Audre Lorde, Meridel Lesueur, and Adrienne Rich after leading a writing workshop, Austin, TX, 1980. (K. Kendall/Flickr, July 15, 2007). Released to the public domain via CC-SA-2.0.

Among the literary arts, poetry is somewhere between okay and blech for me. At least most of the time. That doesn’t mean I hate all poetry or all poets. I fully appreciate the rhyme and meter (and lack thereof) of so many, from James Weldon Johnson and Archibald MacLeish to Phillis Wheatley and Langston Hughes. I love the emotional layering in the choice of the words, and in more modern times, the delivering of such words, with The Last Poets, with Gil Scott-Heron, and of course, Maya Angelou. Rap legends like Tupac, Nas, Eminem, Public Enemy have lyrics that are essentially spoken-word poetry put to bass, beats, and music loops. Heck, I’ve even enjoyed W. E. B. DuBois’ forays in the art in my scholarly research (when I more regularly did it) over the years.

But as a writer of prose (and often, long-winded prose), I also find the form of poetry ill-fitting. For me, it’s like being a home-run hitter in baseball playing hard-court tennis.
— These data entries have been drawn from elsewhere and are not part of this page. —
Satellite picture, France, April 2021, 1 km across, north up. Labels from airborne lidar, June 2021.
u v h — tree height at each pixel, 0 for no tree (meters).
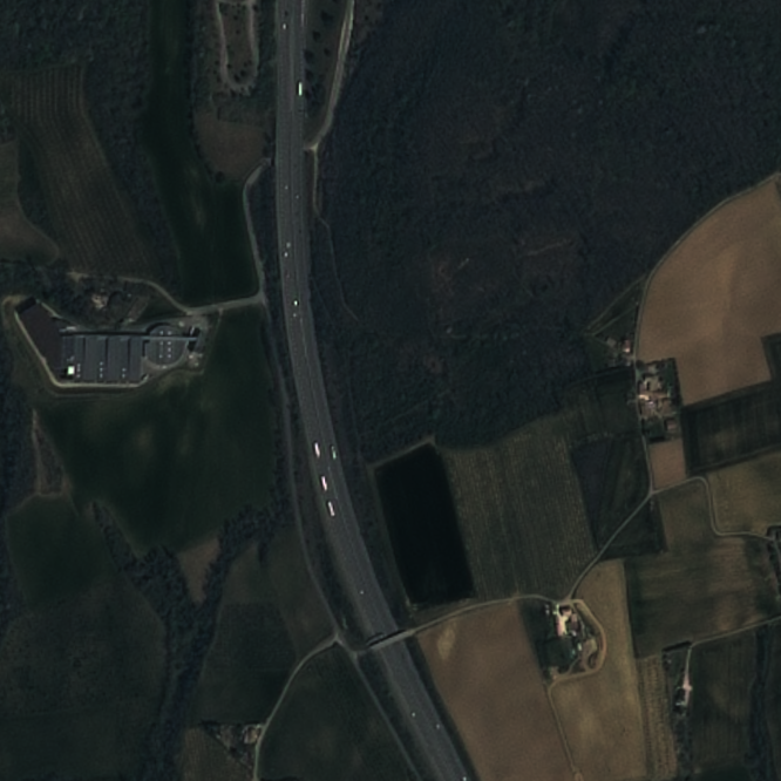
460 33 16
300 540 0
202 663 8
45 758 0
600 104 20
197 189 0
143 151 7
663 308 0
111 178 6
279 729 0
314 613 0
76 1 14
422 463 0
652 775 0
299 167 0
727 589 0
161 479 0
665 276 0
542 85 20
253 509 11
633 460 0
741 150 17
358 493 6
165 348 0
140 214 8
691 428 0
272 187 11
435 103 17
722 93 19
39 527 0
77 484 0
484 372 6
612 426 0
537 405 19
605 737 0
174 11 0
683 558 0
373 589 0
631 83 25
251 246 0
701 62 23
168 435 0
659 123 23
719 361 0
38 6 13
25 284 18
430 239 14
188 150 0
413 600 0
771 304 0
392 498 0
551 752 0
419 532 0
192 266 0
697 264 0
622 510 0
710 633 0
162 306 0
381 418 11
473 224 23
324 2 0
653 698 0
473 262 8
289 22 0
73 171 6
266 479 0
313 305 9
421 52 6
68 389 0
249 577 0
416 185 17
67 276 12
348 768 0
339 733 0
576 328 20
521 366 16
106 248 6
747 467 0
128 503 0
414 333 14
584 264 22
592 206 21
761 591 0
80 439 0
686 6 20
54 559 0
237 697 0
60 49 18
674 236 10
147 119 0
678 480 0
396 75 9
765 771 21
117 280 14
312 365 0
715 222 0
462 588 0
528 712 0
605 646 0
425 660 0
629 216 16
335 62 0
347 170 6
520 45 17
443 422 7
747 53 16
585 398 0
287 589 0
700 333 0
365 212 6
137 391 0
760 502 0
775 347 0
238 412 0
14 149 0
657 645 0
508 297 19
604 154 22
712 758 0
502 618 0
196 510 0
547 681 0
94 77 15
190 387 0
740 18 15
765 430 0
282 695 0
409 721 0
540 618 0
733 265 0
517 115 10
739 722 0
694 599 0
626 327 0
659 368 13
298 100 0
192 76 10
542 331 19
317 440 0
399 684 0
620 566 0
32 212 6
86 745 0
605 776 0
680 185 21
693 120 25

It’s not that I can’t hit a baseline winner or an ace. But for every one of those, I could easily hit four tennis balls in a row out of the court, and literally onto the roof of a house half a block away. I prefer the ability to lay out my thoughts and explain them in full sentences, without worrying over every single word and the rhythm that a sequence of carefully chosen words may or may not bring.

I barely read any poetry during my Humanities years, unless my English classes forced me to. Emily Dickinson, Edgar Allan Poe, John Keats, Alexander Pope, all for 10th grade English, and with the exception of Pope’s “The Rape of the Lock,” not particularly entertaining. I was convinced after high school in ’87 that I’d never read poetry again.

What brought on a new interest in poetry came from my sophomore year at Pitt. I had to take a General Writing class in Fall 1988. I had to because if I wanted to take upper-level History classes as a History major, this general education requirement needed to be knocked off.  But I had an enthusiastic graduate student as my instructor. When I say enthusiastic, I mean someone who knew their students wouldn’t be, but whose passion for teaching and literature of all kinds made the class and the readings more interesting. She told me early on, after reading one of my first essays, that I should’ve been able to pass out of General Writing through the diagnostic tests Pitt gave my freshman year. “I wasn’t exactly awake when I took it last year,” I said in response.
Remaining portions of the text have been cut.